What this task involves —
Repeat only the lines below from the one containing "3. coffee can [15,124,208,322]" through the one containing "12. marker [138,159,155,177]", inclusive, exactly as written.

------ Data for this task ------

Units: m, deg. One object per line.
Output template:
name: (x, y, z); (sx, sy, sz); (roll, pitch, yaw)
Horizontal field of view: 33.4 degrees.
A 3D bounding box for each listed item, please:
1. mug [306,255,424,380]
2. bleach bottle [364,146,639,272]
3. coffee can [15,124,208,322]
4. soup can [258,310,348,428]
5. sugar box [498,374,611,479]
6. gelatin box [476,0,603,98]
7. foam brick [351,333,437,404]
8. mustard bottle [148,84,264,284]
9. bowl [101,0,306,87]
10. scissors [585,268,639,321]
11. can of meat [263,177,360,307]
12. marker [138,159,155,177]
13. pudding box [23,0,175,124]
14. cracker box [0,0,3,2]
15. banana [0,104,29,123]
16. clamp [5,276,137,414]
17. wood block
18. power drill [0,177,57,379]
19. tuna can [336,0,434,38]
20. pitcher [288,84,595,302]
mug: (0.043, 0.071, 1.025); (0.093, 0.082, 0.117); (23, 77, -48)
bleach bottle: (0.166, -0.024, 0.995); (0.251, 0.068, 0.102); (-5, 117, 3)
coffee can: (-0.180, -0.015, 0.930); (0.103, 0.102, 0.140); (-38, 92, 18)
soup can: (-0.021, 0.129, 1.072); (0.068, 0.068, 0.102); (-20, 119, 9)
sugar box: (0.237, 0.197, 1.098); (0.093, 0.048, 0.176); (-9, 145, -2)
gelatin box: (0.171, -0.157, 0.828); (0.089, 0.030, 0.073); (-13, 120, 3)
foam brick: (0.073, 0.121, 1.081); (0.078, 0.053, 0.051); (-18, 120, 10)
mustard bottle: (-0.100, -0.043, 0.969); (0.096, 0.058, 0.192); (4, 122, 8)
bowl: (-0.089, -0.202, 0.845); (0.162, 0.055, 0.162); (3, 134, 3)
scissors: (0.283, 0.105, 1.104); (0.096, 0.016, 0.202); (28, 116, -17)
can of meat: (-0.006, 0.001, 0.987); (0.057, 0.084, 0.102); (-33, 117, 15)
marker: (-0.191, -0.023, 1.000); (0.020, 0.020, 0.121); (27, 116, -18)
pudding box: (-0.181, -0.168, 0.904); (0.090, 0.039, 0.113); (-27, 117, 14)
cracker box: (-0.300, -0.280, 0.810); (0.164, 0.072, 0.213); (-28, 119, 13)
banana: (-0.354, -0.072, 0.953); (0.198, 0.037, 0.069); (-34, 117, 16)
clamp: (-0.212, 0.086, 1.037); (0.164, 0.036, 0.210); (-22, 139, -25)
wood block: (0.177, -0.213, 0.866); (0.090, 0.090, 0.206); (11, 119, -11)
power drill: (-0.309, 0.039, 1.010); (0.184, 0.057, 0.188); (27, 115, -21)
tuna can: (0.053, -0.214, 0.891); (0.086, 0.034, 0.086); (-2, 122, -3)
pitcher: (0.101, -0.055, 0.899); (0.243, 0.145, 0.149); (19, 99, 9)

------
------ Data for this task ------

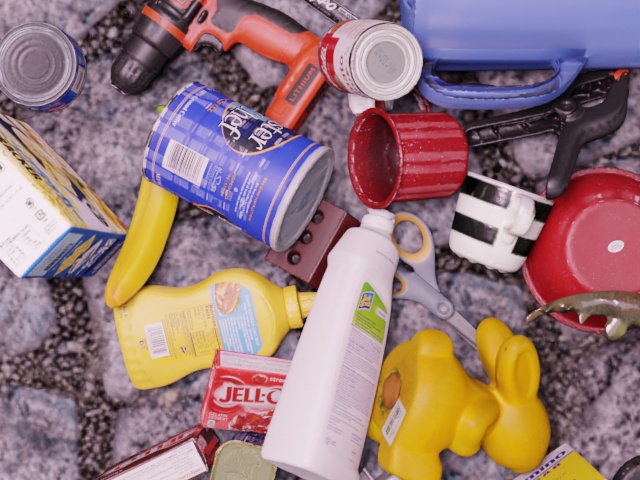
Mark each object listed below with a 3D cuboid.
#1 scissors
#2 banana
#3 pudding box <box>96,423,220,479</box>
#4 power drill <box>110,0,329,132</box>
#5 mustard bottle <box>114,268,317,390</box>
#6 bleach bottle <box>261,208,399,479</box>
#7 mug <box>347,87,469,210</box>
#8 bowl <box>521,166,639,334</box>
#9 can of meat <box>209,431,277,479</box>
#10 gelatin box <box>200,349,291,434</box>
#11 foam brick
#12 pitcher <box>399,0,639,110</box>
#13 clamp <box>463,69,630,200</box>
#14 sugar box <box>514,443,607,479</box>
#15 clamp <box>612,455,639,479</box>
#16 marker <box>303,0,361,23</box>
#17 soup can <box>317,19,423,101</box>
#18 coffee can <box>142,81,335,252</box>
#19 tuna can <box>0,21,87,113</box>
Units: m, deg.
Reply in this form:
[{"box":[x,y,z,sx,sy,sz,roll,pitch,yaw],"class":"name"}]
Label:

------
------ Data for this task ------

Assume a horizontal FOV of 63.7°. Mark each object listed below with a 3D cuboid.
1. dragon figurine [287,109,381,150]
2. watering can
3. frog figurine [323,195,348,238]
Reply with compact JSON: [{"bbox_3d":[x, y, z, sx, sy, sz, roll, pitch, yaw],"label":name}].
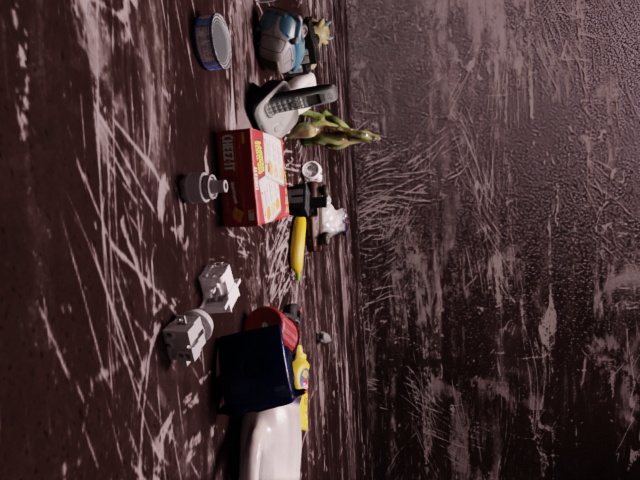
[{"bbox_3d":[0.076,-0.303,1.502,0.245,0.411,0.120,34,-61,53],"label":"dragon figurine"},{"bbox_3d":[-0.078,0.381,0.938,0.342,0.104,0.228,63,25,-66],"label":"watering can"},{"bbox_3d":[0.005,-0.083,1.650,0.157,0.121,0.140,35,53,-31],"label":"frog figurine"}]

------

Exercise result —
3. coffee can [15,124,208,322]
4. soup can [258,310,348,428]
5. sugar box [498,374,611,479]
6. gelatin box [476,0,603,98]
7. foam brick [351,333,437,404]
8. mustard bottle [148,84,264,284]
9. bowl [101,0,306,87]
10. scissors [585,268,639,321]
11. can of meat [263,177,360,307]
12. marker [138,159,155,177]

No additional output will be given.